Outra proposta abordada é encorajar as pessoas a espalharem a arte e as ideias internas, a partir da celebração das memórias, sobretudo, dos povos que foram marginalizados e utilizaram da expressão artística para lutar contra as diversas formas de violências sofridas.
“Elas não estão sozinhas, mesmo o caminho sendo muito difícil, é possível sim você ser uma pessoa dissidente, racializada, fora desse padrão social e fazer seu trabalho, se expressar, porque às vezes, você tem uma ideia e se todo mundo soubesse, talvez faria uma diferença e você não sabe disso”, diz Markus.
A ocupação 9 de Julho

Ocupação 9 de Julho(foto: Arquivo Pessoal)
A escolha do local é historicamente significativa e pontual para a construção da narrativa apresentada na exposição, que preza, como diz a produtora Tainá Ramos, pela “arte em espaços acessíveis e seguros para a nossa existência”.
O antigo prédio do Instituto Nacional do Seguro Social (INSS) permaneceu por mais de 20 anos vazio e degradado, sendo ocupado pela primeira vez em 1997 e, novamente, em 2016, em que se tornou a Ocupação 9 de Julho do MSTC – Movimento dos Sem Teto do Centro, em São Paulo, que visa garantir o direito à moradia e a cidade como um bem comum.
O prédio de 14 andares, abriga hoje 128 famílias e cerca de 500 pessoas, vindas de diversas partes do Brasil e do mundo, entre elas África, América do Sul e América Central, com imigrantes de cerca de onze países. O espaço conta com biblioteca, quadra, horta comunitária, brinquedoteca, marcenaria, galeria de arte, brechó, refeitório, além da famosa cozinha coletiva.
O local, por meio do esforço de muitas pessoas, em especial a liderança do MSTC, Carmen Silva, canaliza hoje a força e relevância dos movimentos sociais, ao reivindicar que a dignidade da vida é, também, ter acesso a trabalho, saúde, educação, cultura e lazer. Nessa perspectiva, além de promoverem almoços abertos com oficinas de gastronomia, há também outras atividades, como a galeria Reocupa e o CineOcupa.

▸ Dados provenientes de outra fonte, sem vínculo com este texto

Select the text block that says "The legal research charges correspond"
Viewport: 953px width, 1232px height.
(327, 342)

Dessa forma, com tantos anos de luta pela cidadania plena, a escolha desse espaço múltiplo de circulação é crucial para que as pessoas possam conhecê-lo, se sentirem acolhidas e ocupar “lugares politicamente seguros”.

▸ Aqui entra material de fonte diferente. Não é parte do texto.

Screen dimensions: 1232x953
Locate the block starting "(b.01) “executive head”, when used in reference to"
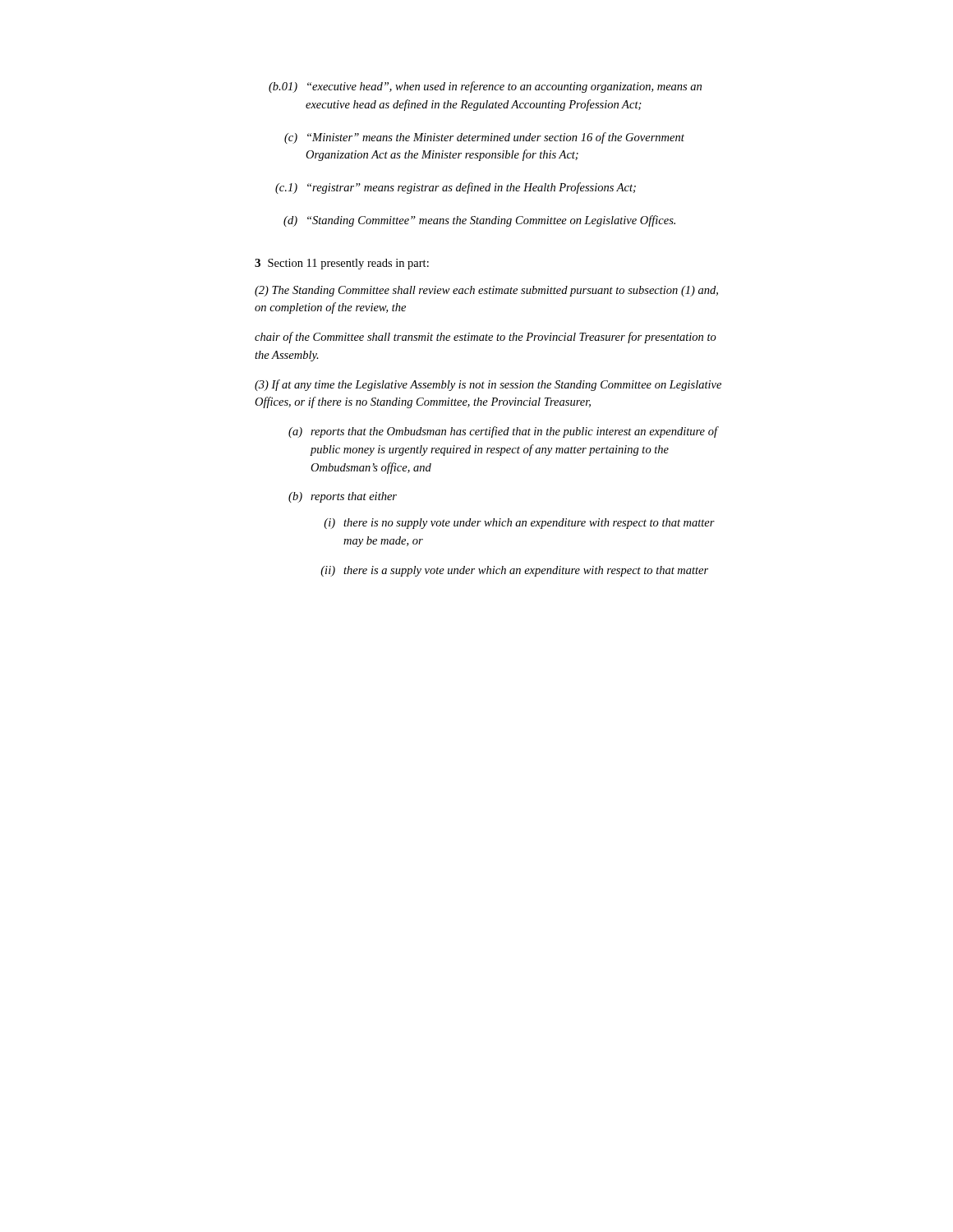(493, 96)

Assim, como diz a produtora, “as questões individuais se transformam em algo coletivo, como uma forma de expressão da sua individualidade,que também é subjetiva,mas contempla muitas outras pessoas que vivenciam aquilo”.
Compartilhar a produção de artistas racializados periféricos num local que é símbolo da resistência tem como propósito também desmistificar a criminalização despejada nos movimentos de moradia e isso se dá a partir do apoio da noção de comunidade como algo que gera trocas, interação e afetos.
O bairro Bela Vista e a cultura negra
Popularmente conhecido como Bexiga, localizado no centro da cidade de São Paulo, a Bela Vista é considerada um dos lugares em que a ancestralidade africana se fundamentou em terras brasileiras.
No fim do período escravocrata, surgiram os quilombos urbanos: casas coletivas ou núcleos semi-rurais, que ofereciam maior anonimato para foragidos das fazendas e para a comunidade negra da época. É nesse cenário que se constitui, no século XIX, o quilombo Saracura, região que se tornou mais tarde o núcleo negro da capital paulista, criando espaços para a sociabilidade negra, originando, assim, o bairro Bela Vista.
É nesse território que surgiram terreiros de candomblé e umbanda, além de clubes como o Social Negro Aristocrata, casas de pagodes na rua Treze de Maio e importantes escolas de maracatu e Samba, como a Vai-Vai. Dessa forma, mesmo com a discriminação, marginalização e o crescimento do racismo estrutural que a comunidade preta vivia, os negros se organizavam para terem melhores condições, lutando também pela quebra desses preconceitos ao mesmo tempo em que criavam naqueles espaços, raízes que fortaleciam a identidade negra.
Portanto, a Bela Vista é ainda hoje, um local de preservação da música, dança, arte, religião e tradições afro-brasileiras. Por esse motivo, a entrevistada Ciça Pereira acredita que realizar exposições nessa área de São Paulo é “posicionar novos imaginários em relação ao que as pessoas entendem sobre negritude”.
O Projeto Gota Preta e o mercado da arte

Obra “Memórias de uma cidade preta”, de Markus Cza(Foto: Arquivo Pessoal)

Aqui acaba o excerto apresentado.